╔══

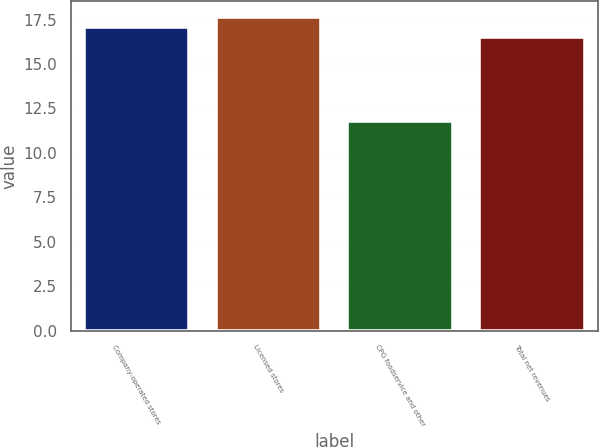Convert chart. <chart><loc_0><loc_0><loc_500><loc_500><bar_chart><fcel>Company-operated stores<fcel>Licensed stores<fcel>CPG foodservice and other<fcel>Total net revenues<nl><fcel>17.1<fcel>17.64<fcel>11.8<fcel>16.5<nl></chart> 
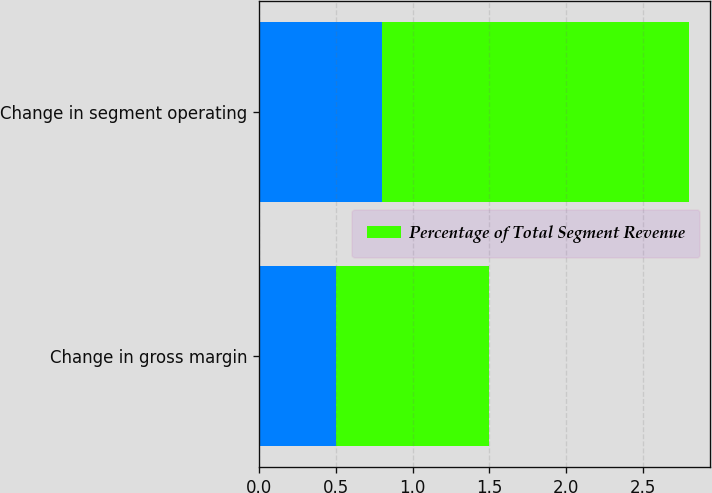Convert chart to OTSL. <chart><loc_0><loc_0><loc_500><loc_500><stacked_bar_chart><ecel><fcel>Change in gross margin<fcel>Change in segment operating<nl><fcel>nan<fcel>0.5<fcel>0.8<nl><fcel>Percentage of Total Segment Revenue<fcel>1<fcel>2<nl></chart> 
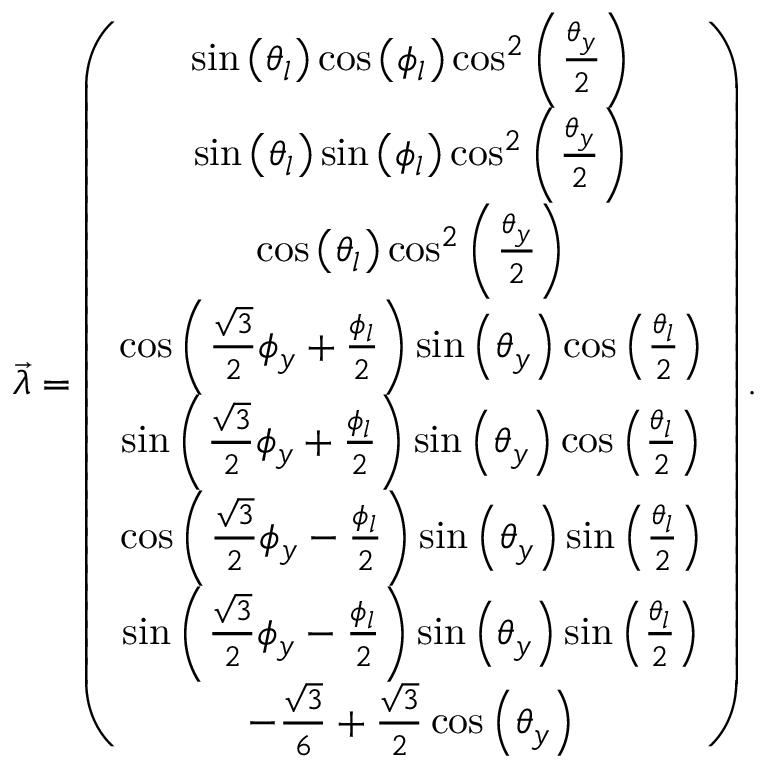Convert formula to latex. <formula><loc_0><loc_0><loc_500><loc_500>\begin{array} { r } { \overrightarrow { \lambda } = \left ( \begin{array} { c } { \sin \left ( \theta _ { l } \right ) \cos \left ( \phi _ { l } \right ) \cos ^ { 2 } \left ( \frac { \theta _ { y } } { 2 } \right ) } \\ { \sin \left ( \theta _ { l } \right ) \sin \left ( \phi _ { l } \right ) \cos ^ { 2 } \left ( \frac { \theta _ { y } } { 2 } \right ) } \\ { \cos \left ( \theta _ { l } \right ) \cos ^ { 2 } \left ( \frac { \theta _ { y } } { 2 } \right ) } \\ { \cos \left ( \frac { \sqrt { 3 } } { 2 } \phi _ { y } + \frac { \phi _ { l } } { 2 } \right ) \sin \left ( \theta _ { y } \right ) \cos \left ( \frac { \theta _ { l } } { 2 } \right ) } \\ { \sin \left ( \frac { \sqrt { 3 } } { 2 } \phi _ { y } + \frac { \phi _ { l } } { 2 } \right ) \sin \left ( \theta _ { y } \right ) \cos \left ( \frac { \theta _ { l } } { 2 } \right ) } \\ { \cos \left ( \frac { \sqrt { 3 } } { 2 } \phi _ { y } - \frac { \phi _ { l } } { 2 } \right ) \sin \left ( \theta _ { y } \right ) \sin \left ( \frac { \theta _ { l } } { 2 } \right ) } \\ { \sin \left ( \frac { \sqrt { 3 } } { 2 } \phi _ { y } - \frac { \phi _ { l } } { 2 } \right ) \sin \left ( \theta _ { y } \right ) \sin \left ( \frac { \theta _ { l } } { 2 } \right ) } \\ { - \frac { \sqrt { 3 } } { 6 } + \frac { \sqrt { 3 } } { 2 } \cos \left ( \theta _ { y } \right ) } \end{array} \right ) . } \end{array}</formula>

╚══
╔══

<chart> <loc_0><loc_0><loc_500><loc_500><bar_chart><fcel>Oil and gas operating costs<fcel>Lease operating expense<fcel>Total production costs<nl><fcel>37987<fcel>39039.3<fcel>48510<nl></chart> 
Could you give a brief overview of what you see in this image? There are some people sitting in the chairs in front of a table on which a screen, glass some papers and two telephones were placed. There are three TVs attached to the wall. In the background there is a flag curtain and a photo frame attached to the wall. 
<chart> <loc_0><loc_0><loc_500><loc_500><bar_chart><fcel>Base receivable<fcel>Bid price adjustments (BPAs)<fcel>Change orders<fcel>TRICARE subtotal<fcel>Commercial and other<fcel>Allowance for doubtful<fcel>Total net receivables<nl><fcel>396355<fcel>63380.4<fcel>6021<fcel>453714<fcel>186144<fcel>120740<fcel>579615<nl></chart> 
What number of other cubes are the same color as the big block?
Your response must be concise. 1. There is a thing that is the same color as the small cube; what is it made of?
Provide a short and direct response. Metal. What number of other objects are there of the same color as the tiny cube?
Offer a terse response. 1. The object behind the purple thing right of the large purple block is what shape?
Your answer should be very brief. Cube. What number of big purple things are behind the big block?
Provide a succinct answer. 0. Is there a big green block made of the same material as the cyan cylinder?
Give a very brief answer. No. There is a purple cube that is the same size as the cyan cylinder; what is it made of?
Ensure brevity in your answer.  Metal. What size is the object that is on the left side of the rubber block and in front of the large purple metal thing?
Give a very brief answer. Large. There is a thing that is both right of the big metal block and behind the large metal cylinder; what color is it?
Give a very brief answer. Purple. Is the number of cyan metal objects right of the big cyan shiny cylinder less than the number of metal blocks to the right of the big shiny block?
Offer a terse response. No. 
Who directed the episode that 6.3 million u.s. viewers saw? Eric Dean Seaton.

╚══

Task
Repeat the entries above verbatim, but only from the line that has "Your answer should" down to the line that has "Who directed the", inclusive.

Response box
Your answer should be very brief. Cube. What number of big purple things are behind the big block?
Provide a succinct answer. 0. Is there a big green block made of the same material as the cyan cylinder?
Give a very brief answer. No. There is a purple cube that is the same size as the cyan cylinder; what is it made of?
Ensure brevity in your answer.  Metal. What size is the object that is on the left side of the rubber block and in front of the large purple metal thing?
Give a very brief answer. Large. There is a thing that is both right of the big metal block and behind the large metal cylinder; what color is it?
Give a very brief answer. Purple. Is the number of cyan metal objects right of the big cyan shiny cylinder less than the number of metal blocks to the right of the big shiny block?
Offer a terse response. No. 
Who directed the episode that 6.3 million u.s. viewers saw? Eric Dean Seaton.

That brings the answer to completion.